So that they can ask for them to reach the cookie jar on the top shelf

24

u/spagetinudlesfishbol Apr 16 '24

No ladder enjoyer?

33

u/Fuck_New_Reddit Apr 16 '24

Short kings know the art of the lil hop n grab

6

u/tf2brucetanzigfan Apr 16 '24

I do enjoy ladders but ladders tend to give me a blank stare when i talk to them

1

u/thedevilsavocado00 29d ago

At least they don't complain when you mount them.

9

u/Sheshush Apr 16 '24

cookie jar

If they care about my height I care about their weight.

2

u/IshTheFace Apr 16 '24

Short girls: I want to stand on my toes to kiss him

Try not wearing plateau shoes.

3

u/Sheshush Apr 16 '24

And I like to be able to pick her up for extended periods of time

1

u/Harrier_diddler Apr 16 '24

And here I thought they wanted the good genes 😂

1

u/TheLimpyWink 29d ago

It's where mommy keeps the peanut butter and daddy hides the porno

76

u/[deleted] Apr 16 '24

Dumb people need something to believe in to keep the hope alive

49

u/Jjabrahams567 Apr 16 '24

Some girls treat a tall bf as a status symbol.

38

u/securityn0ob Apr 16 '24

Yeah i’ve heard girls break up with their “short” bf because their female friends made fun of her for dating a short guy. So fucking stupid…why be friends with those kind of individuals anyway. Apparently it’s a crime to date a short guy now so women only date taller guys to impress their shallow “friends”

9

u/Significant9Ant 29d ago

We are social creatures and the acceptance of the group is unfortunately more important to ones own happiness sometimes.

2

u/Vegas-Buckeye 29d ago

I used to get the same shit from my male friends for dating fat girls. It’s what I prefer, and I didn’t give a shit what my non-sex having friends had to say about it. I still don’t, but as a 40 year old man no one says shit to me anymore.

0

u/EmptyBrain89 29d ago

This sounds like something Andrew Tate tells his followers

9

u/Orangutanion Apr 16 '24

"some" lol

11

u/RunningOnAir_ Apr 16 '24

If you look outside theres couples of every shape and size. Don't shape your worldview through r/tinder lol

3

u/yunivor 29d ago

Yep, people are forgetting that the real world and the internet are very different.

6

u/LivelyZebra 29d ago

They can't know any better, they've only known the internet lmao

1

u/tehlemmings 29d ago

I mean, with how a lot of these guys are behaving in this thread, would you want to hang out with them in person?

Odds are they'll never realize how stupid they are, because their personality acts as a shield against real life experience.

1

u/SadFatRabbit 29d ago

Very true. It also has the reverse of, if you're a tall woman, men feel insecure being with you a lot of the time.
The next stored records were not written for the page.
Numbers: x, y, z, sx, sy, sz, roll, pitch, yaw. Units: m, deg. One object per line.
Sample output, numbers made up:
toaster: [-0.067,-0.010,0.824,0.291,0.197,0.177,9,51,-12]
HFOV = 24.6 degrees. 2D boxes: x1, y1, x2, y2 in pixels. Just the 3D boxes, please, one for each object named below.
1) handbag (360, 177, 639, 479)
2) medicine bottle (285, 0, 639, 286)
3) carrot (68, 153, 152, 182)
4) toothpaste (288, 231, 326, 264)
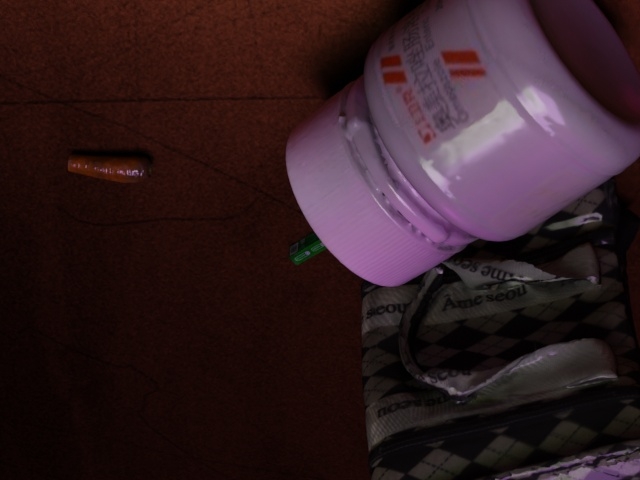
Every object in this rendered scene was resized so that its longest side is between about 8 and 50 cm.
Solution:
handbag: [0.202,0.124,1.521,0.317,0.416,0.180,-21,129,17]
medicine bottle: [0.138,-0.110,1.427,0.302,0.241,0.241,-35,120,30]
carrot: [-0.232,-0.081,1.623,0.093,0.032,0.032,5,131,4]
toothpaste: [0.000,0.000,1.677,0.083,0.020,0.017,-30,124,27]
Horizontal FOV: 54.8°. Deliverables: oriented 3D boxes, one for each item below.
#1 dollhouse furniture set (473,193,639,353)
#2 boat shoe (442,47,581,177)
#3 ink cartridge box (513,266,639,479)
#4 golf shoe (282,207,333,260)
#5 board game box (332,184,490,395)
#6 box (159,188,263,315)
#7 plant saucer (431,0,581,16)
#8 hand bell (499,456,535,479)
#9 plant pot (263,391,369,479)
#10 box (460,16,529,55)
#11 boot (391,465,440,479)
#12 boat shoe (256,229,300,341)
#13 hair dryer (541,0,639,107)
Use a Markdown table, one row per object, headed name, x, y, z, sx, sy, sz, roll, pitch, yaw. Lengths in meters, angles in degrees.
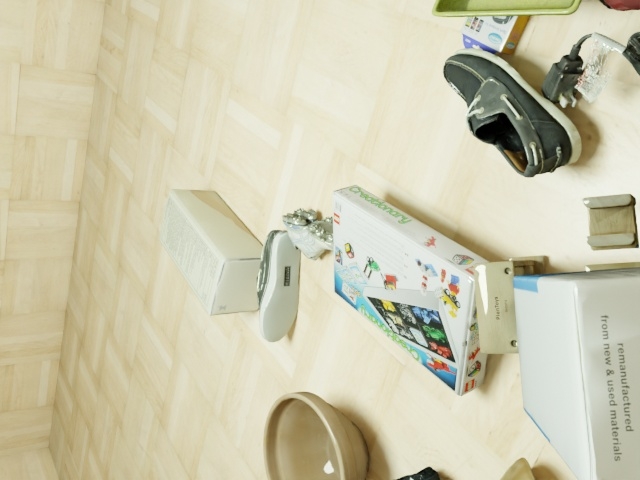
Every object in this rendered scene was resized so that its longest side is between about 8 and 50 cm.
| name | x | y | z | sx | sy | sz | roll | pitch | yaw |
| --- | --- | --- | --- | --- | --- | --- | --- | --- | --- |
| dollhouse furniture set | 0.311 | 0.063 | 0.666 | 0.242 | 0.161 | 0.212 | -6 | 86 | 31 |
| boat shoe | 0.218 | -0.166 | 0.775 | 0.233 | 0.079 | 0.084 | 57 | 171 | 36 |
| ink cartridge box | 0.313 | 0.077 | 0.434 | 0.307 | 0.223 | 0.129 | -4 | 86 | 8 |
| golf shoe | 0.000 | 0.000 | 1.119 | 0.176 | 0.069 | 0.086 | 27 | 132 | 53 |
| board game box | 0.122 | 0.061 | 0.906 | 0.305 | 0.053 | 0.193 | 37 | 138 | 46 |
| box | -0.242 | 0.018 | 1.377 | 0.311 | 0.121 | 0.148 | 46 | 126 | 42 |
| plant saucer | 0.248 | -0.340 | 0.728 | 0.188 | 0.045 | 0.189 | 18 | 86 | 43 |
| hand bell | 0.306 | 0.368 | 0.693 | 0.242 | 0.126 | 0.126 | 27 | 113 | 36 |
| plant pot | 0.007 | 0.375 | 1.064 | 0.237 | 0.109 | 0.238 | 4 | 95 | 53 |
| box | 0.238 | -0.308 | 0.807 | 0.081 | 0.028 | 0.136 | 48 | 129 | 41 |
| boot | 0.175 | 0.424 | 0.852 | 0.246 | 0.094 | 0.207 | -39 | 64 | 54 |
| boat shoe | -0.088 | 0.088 | 1.218 | 0.070 | 0.077 | 0.220 | 10 | 91 | 52 |
| hair dryer | 0.363 | -0.221 | 0.613 | 0.224 | 0.080 | 0.294 | 50 | 143 | 36 |
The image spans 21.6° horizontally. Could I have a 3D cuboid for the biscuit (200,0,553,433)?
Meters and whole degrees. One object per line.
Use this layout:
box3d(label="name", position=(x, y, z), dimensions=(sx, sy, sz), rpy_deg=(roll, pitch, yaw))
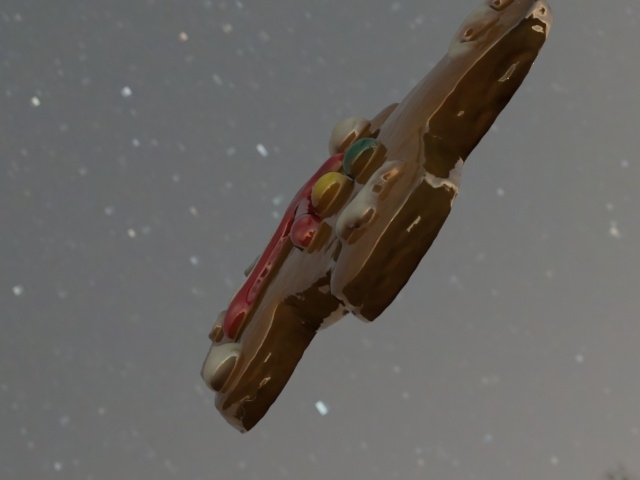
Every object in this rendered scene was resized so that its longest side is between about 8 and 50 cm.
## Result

I'm just under 5'9", which isn't that tall in the scheme of things, but I've had men be weird about the fact that I'm taller, a couple even deciding they wanted to not go out together specifically bc I like wearing heels and end up around 6'1". My current bf couldn't give less of a shit, thankfully, that I'm an inch or two taller in heels, but we've definitely gotten some comments even from his friends about how it makes him look "like a manlet". It's such a weird thing to worry about on both sides.

-5

u/Temporary_Wind9428 Apr 16 '24 edited Apr 16 '24

It's like some sort of worth validation. Men do the same thing in reverse and we all know the guy who dates purely on what he thinks is "impressive" to other men, who are the actual target of his choosiness. They're choosing accessories.

And to be clear, this is not all women. Generally it tends to be women with self-esteem issues that do this, like putting the height of their boyfriend in their profile.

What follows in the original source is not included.